→ MATERIAL TO PROCESS:

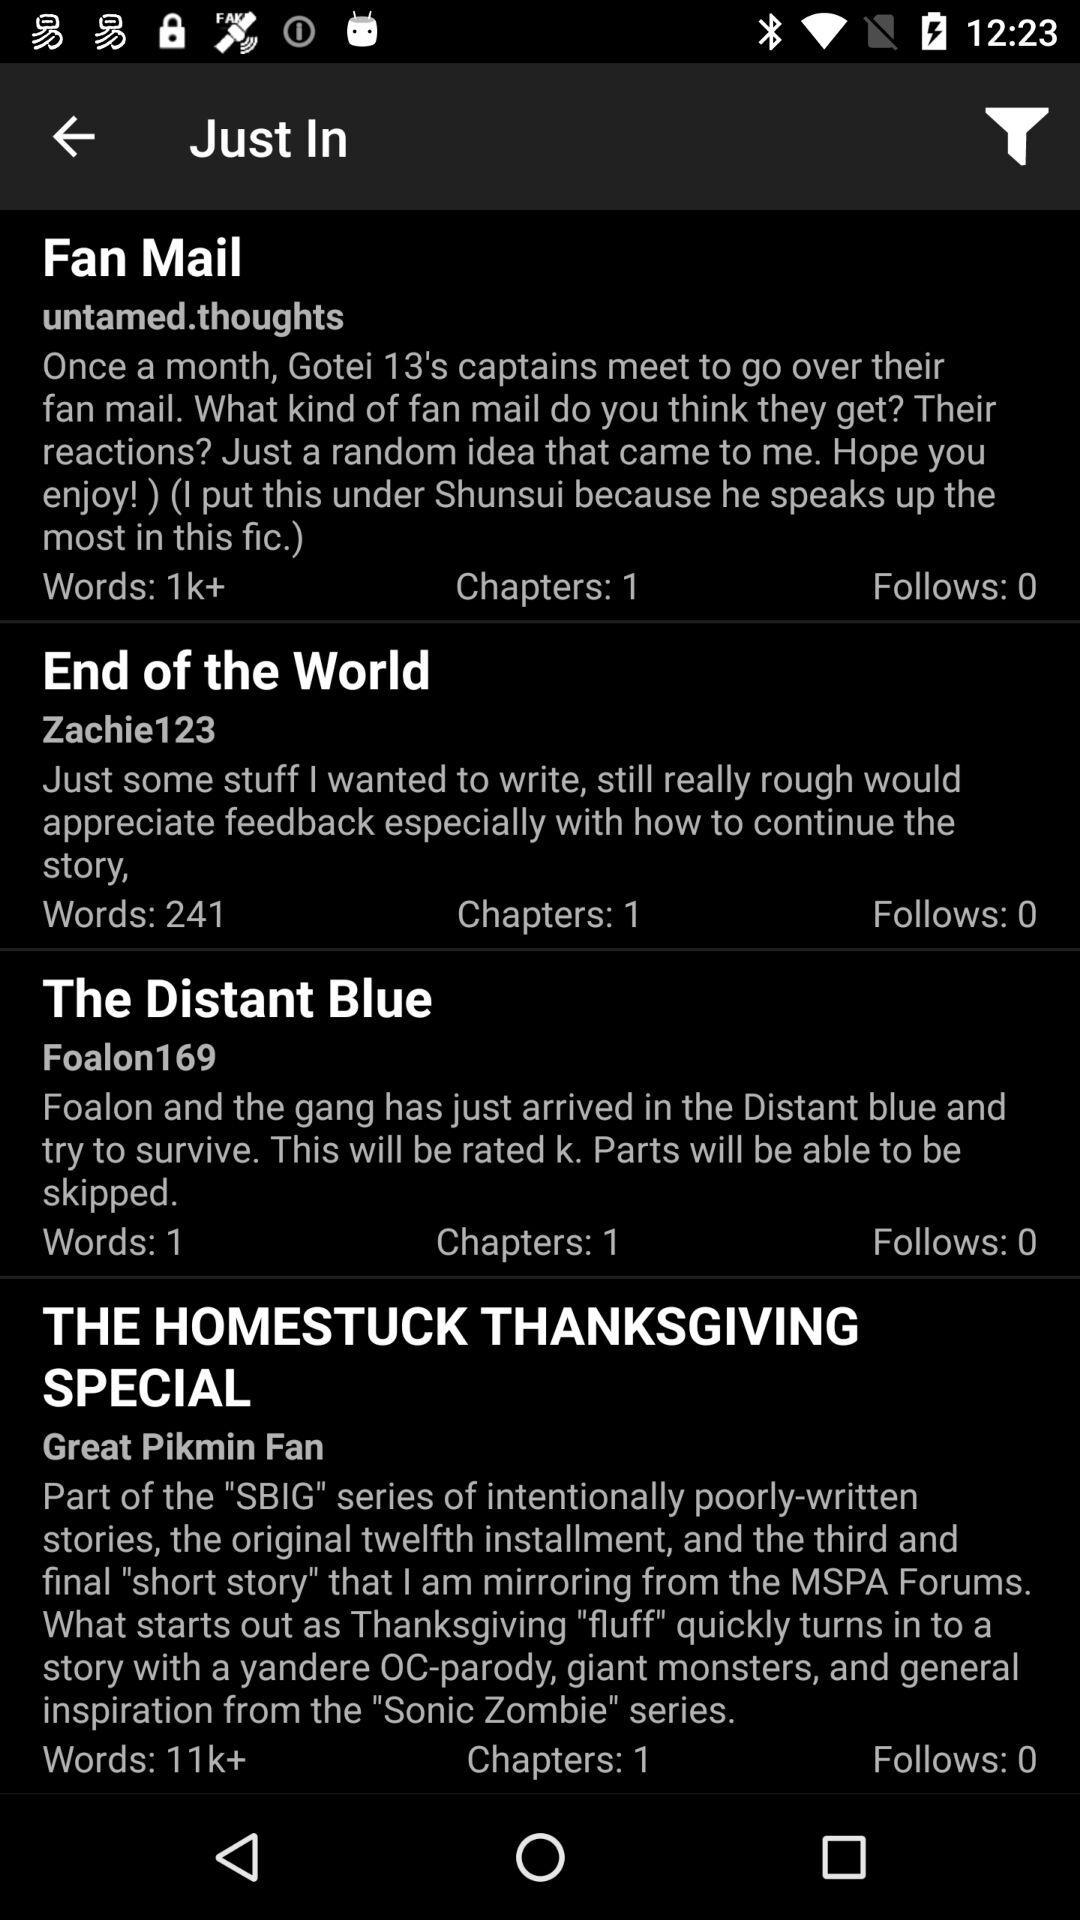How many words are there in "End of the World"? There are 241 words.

---

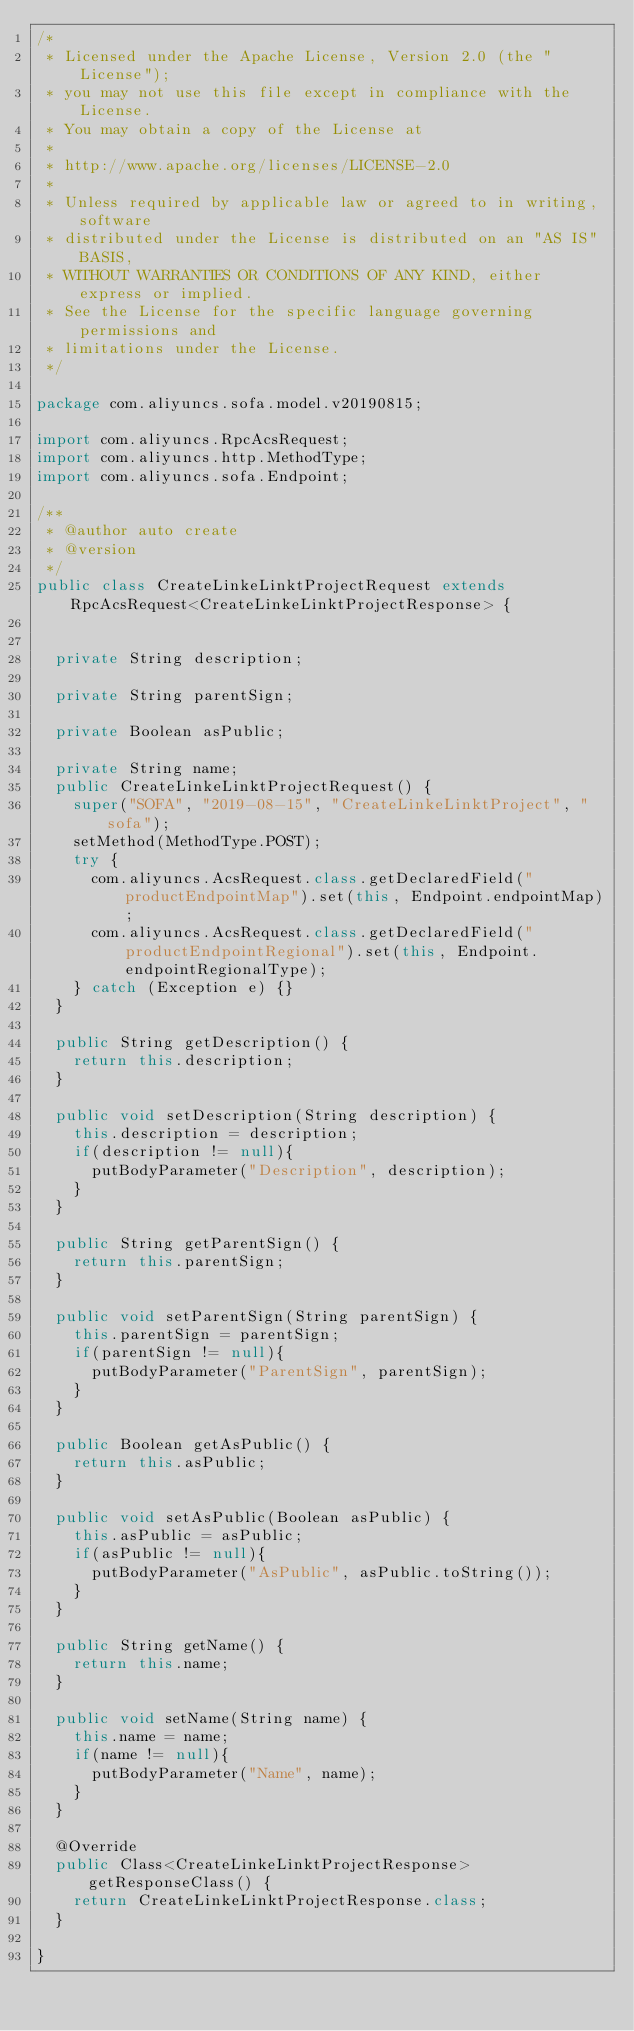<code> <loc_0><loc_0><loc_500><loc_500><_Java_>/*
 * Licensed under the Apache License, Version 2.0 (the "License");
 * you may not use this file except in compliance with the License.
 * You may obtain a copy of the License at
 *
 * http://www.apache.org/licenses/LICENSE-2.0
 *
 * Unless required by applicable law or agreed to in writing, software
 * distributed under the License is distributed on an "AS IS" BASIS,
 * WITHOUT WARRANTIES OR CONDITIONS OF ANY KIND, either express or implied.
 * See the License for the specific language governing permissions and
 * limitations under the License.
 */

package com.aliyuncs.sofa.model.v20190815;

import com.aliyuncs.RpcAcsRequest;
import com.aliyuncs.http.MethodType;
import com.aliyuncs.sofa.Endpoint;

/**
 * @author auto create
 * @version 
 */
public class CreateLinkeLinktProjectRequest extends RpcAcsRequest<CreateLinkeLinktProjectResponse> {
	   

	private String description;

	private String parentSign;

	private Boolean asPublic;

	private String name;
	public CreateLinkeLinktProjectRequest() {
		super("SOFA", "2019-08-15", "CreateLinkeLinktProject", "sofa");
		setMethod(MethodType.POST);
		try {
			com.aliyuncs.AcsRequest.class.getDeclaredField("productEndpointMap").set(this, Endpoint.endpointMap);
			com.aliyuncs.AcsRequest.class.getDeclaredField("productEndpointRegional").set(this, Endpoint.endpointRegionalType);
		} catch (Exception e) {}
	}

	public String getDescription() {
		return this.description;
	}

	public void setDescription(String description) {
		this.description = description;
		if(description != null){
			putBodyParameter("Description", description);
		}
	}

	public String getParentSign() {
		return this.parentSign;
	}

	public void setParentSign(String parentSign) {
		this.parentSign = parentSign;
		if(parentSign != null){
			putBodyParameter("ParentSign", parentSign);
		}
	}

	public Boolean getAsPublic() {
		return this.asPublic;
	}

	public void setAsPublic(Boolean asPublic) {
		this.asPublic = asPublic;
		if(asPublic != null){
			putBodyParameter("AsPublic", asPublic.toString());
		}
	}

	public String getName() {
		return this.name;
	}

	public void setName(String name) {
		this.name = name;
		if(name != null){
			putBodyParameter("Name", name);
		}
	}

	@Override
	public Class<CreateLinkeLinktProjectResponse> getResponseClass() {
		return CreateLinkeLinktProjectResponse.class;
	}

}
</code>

→ WORK TO BE COMPLETED:
Scan the lines above for "governing permissions and" and for "private String name;". Repeat exactly the line holding each of them and every line in between.

→ ANSWER TO THIS TASK:
 * See the License for the specific language governing permissions and
 * limitations under the License.
 */

package com.aliyuncs.sofa.model.v20190815;

import com.aliyuncs.RpcAcsRequest;
import com.aliyuncs.http.MethodType;
import com.aliyuncs.sofa.Endpoint;

/**
 * @author auto create
 * @version 
 */
public class CreateLinkeLinktProjectRequest extends RpcAcsRequest<CreateLinkeLinktProjectResponse> {
	   

	private String description;

	private String parentSign;

	private Boolean asPublic;

	private String name;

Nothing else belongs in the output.